Thomas Vaïsse est doctorant à l’EHESS de Marseille. C’est en tant qu’anthropologue qu’il est allé placer ses micros sur le lieu de travail de celles que l’on appelle « les tatas », celles dont on ne parle jamais sauf lorsqu’elles se mettent en grève. Entre le brouhaha de la cantine, les pleurs des petites sections ou les discussions autour d’un café dans les locaux syndicaux, le podcast de Thomas Vaïsse nous immerge dans le milieu de travail de celles qu’il appelle « les femmes de l’ombre ».
Ces femmes (dans quasiment tous les cas), ce sont les ATSEM, les agentes d’entretien ou de cantine, ou encore les animatrices du temps périscolaire. Ici, dans le sud de la France, tout le monde les appelle les « tatas », comme pour témoigner du lien privilégié qu’elles ont avec les enfants et les familles. Lorsque Thomas Vaïsse mène sa recherche en anthropologie, il enregistre dans ses carnets sonores les paroles et tous les sons qu’il peut entendre lorsque les « tatas » sont au travail. Ce que l’on entend d’abord dans son podcast « Ecole au bord de la crise de nerf », c’est ce qu’il nomme « le brave boucan » dans lequel évoluent ces travailleuses toujours dans l’angle mort des débats portant sur l’école.

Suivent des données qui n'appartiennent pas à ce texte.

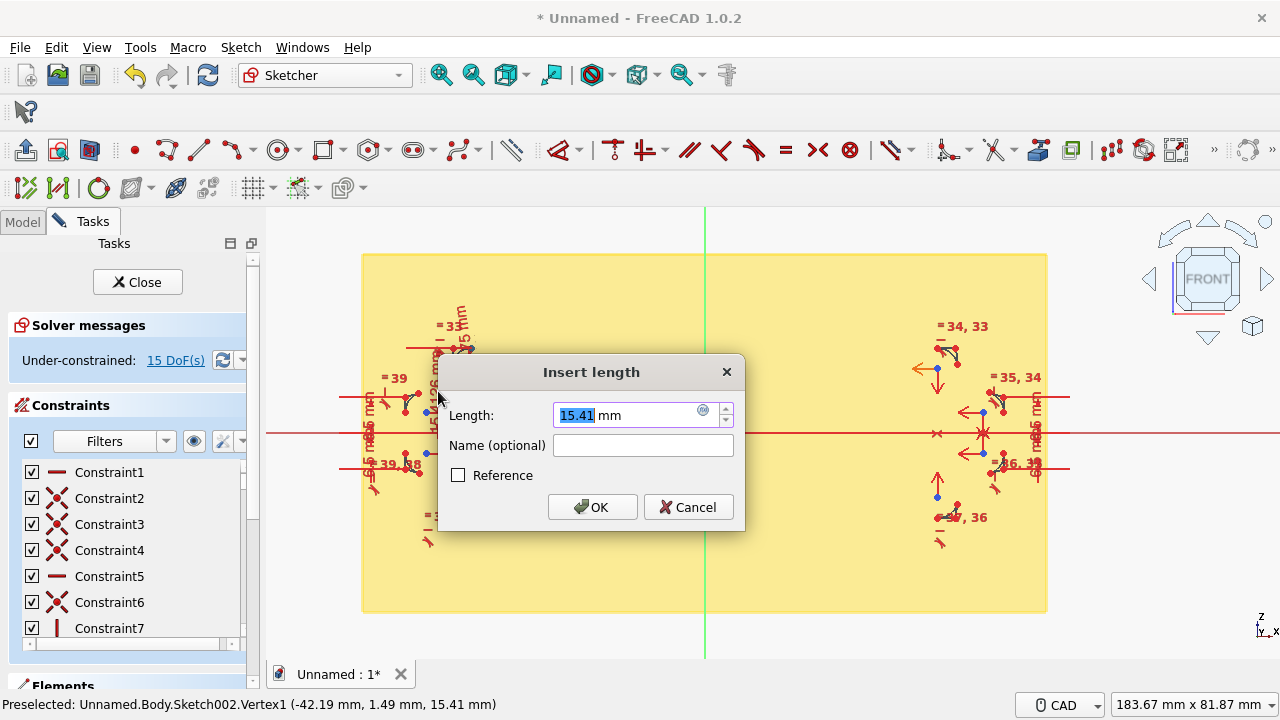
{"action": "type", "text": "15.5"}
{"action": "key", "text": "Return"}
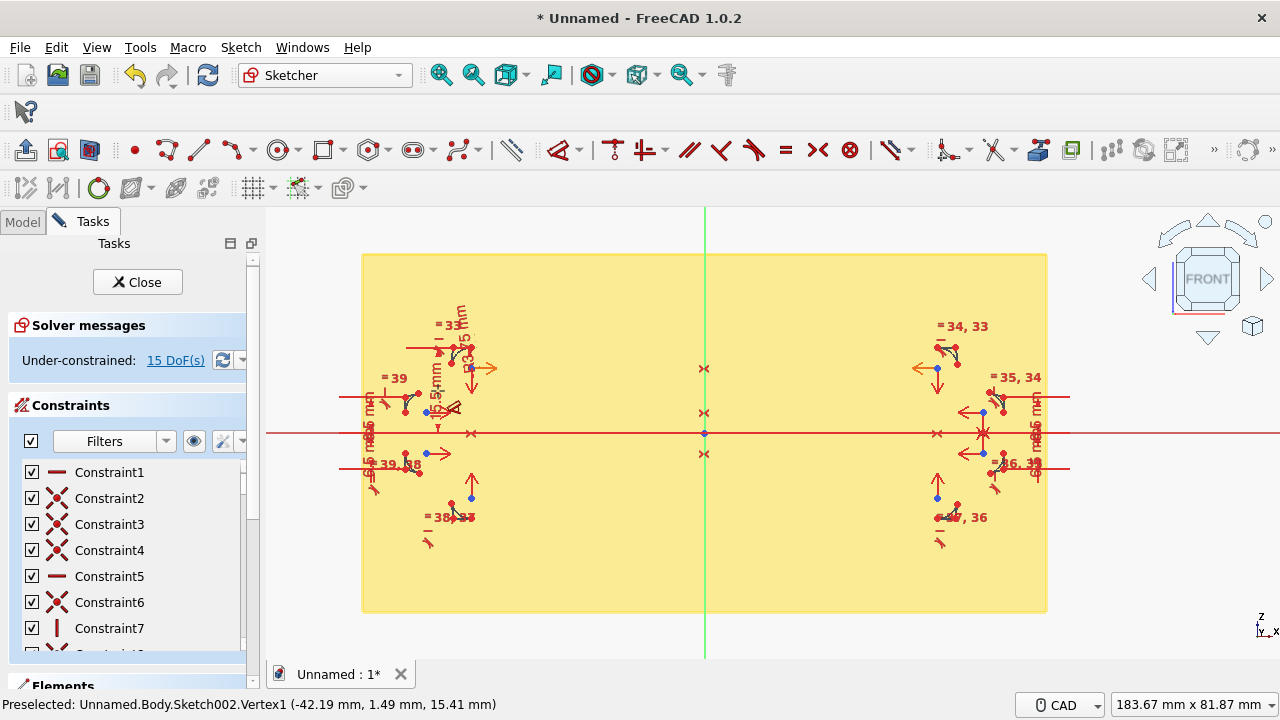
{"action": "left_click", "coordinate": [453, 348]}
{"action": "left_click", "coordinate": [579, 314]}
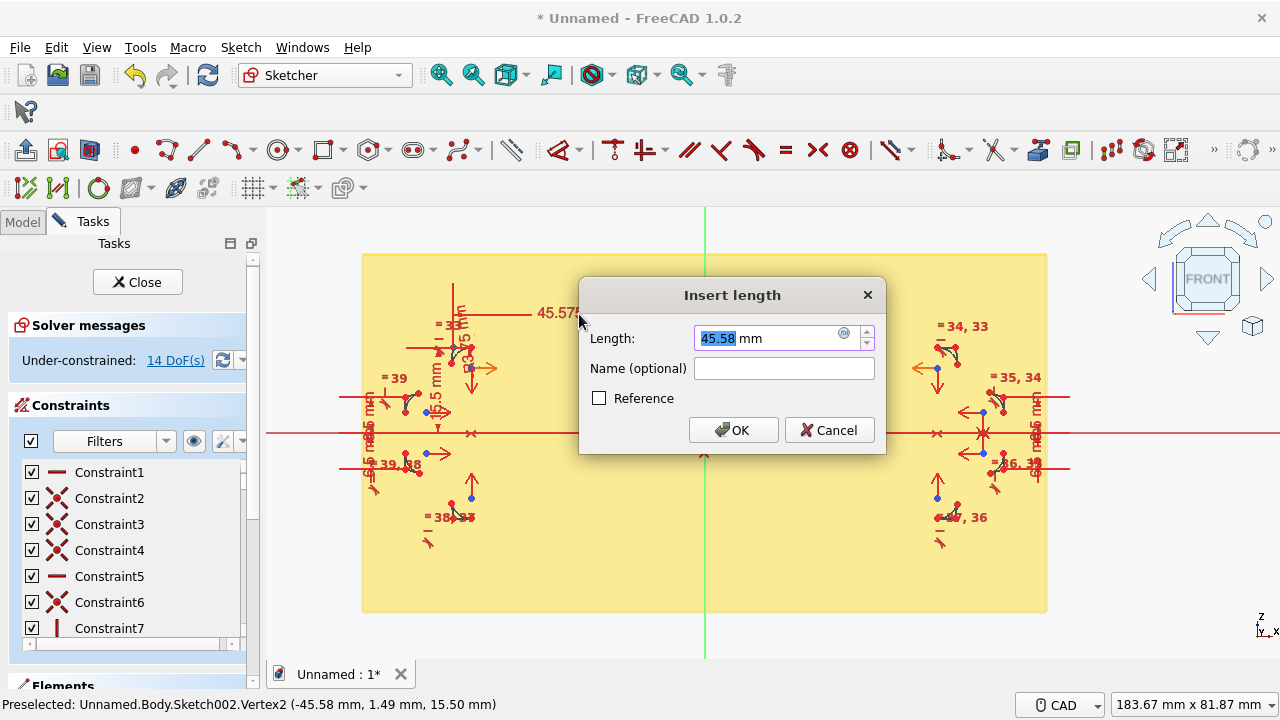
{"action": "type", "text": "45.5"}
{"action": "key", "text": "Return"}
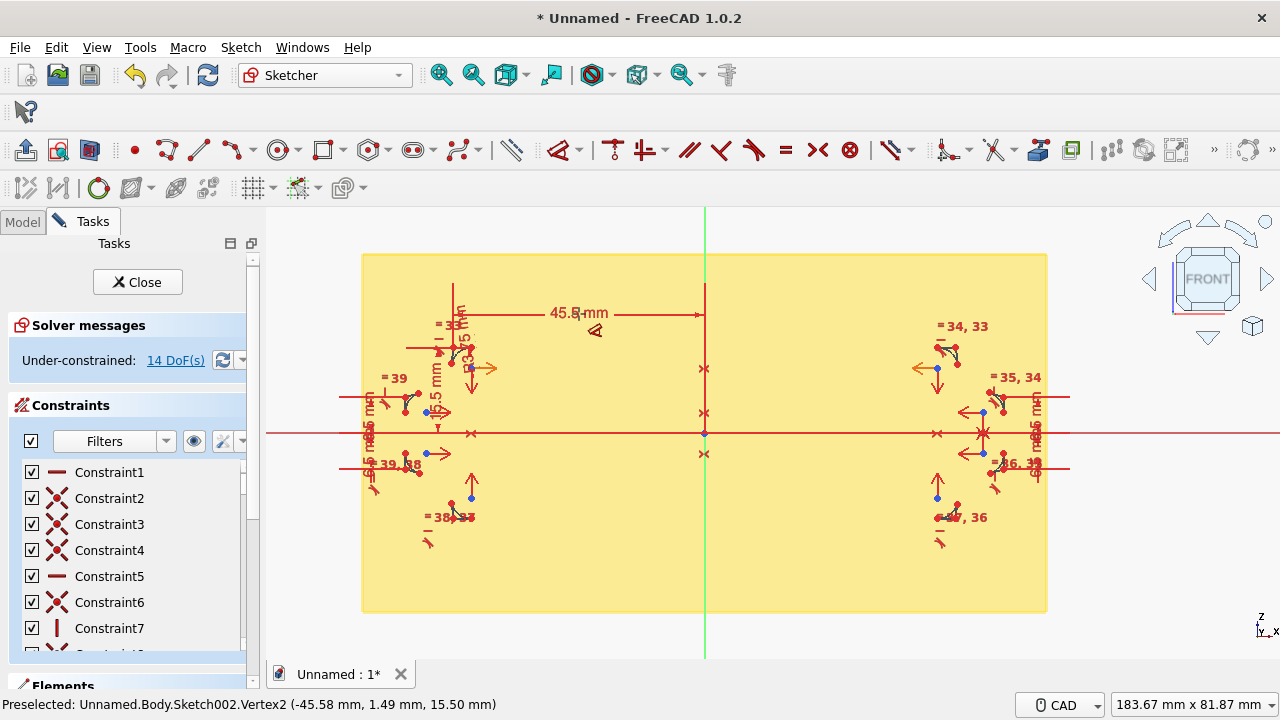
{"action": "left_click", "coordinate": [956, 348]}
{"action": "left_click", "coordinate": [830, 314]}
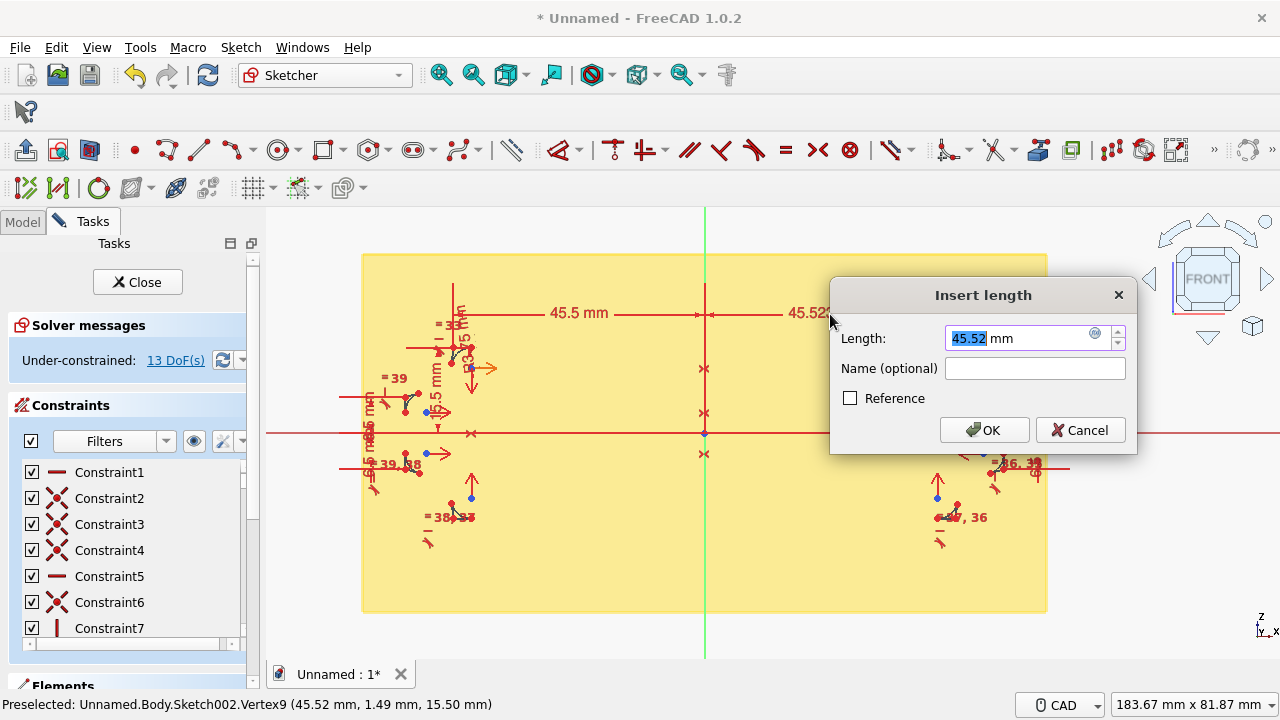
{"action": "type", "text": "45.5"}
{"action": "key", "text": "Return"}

Lorsqu’elles veulent se faire entendre, elles font grève. Et à Marseille, elles ne le font pas à moitié, les interruptions de travail pouvant durer des semaines et des semaines. C’est un des points de départ des analyses du doctorant : la mise en lumière de travailleuses indispensables au bon déroulé du service public d’éducation lors des grands mouvements de grève. En effet, c’est lorsqu’elles débrayent que l’on mesure l’importance de leur travail. Et c’est ce travail que l’on ressent lorsque l’on écoute le podcast du quotidien sonore des tatas, fait de pleurs d’enfants et bruits de vaisselle. On discerne alors la difficulté de ce métier, au sujet duquel l’une d’elle dira : « C’est épuisant », et on en devine les enjeux, la place qu’occupent ces femmes dans le développement de l’enfant et son apprentissage du devenir élève. Si éduquer, comme l’écrivait Jerôme Bruner, c’est faire entrer l’enfant dans une culture, alors nul doute que les tatas participent à l’éducation des minots marseillais, entre les règles de vie, la pratique de la collectivité, l’accent du sud ou les odeurs de la cuisine provençale.
Mais le carnet sonore de Thomas Vaïsse permet aussi, lorsqu’il donne la parole aux déléguées syndicales ou aux collectifs de parents en colère, de positionner les tatas aux cœurs des enjeux politiques sur l’école. On y apprend alors des choses sur les conditions de travail de celles qui surveillent seules plus de 30 enfants de maternelle, travaillent 42 heures par semaine et réclament la reconnaissance de la pénibilité de leur métier. Et, si l’on tend bien l’oreille, on y entend aussi parler de la très grande précarité de ces enfants « qui font à la cantine le seul repas de la journée », dans ce que le chercheur appelle « l’autre côté de la carte postale de Marseille ».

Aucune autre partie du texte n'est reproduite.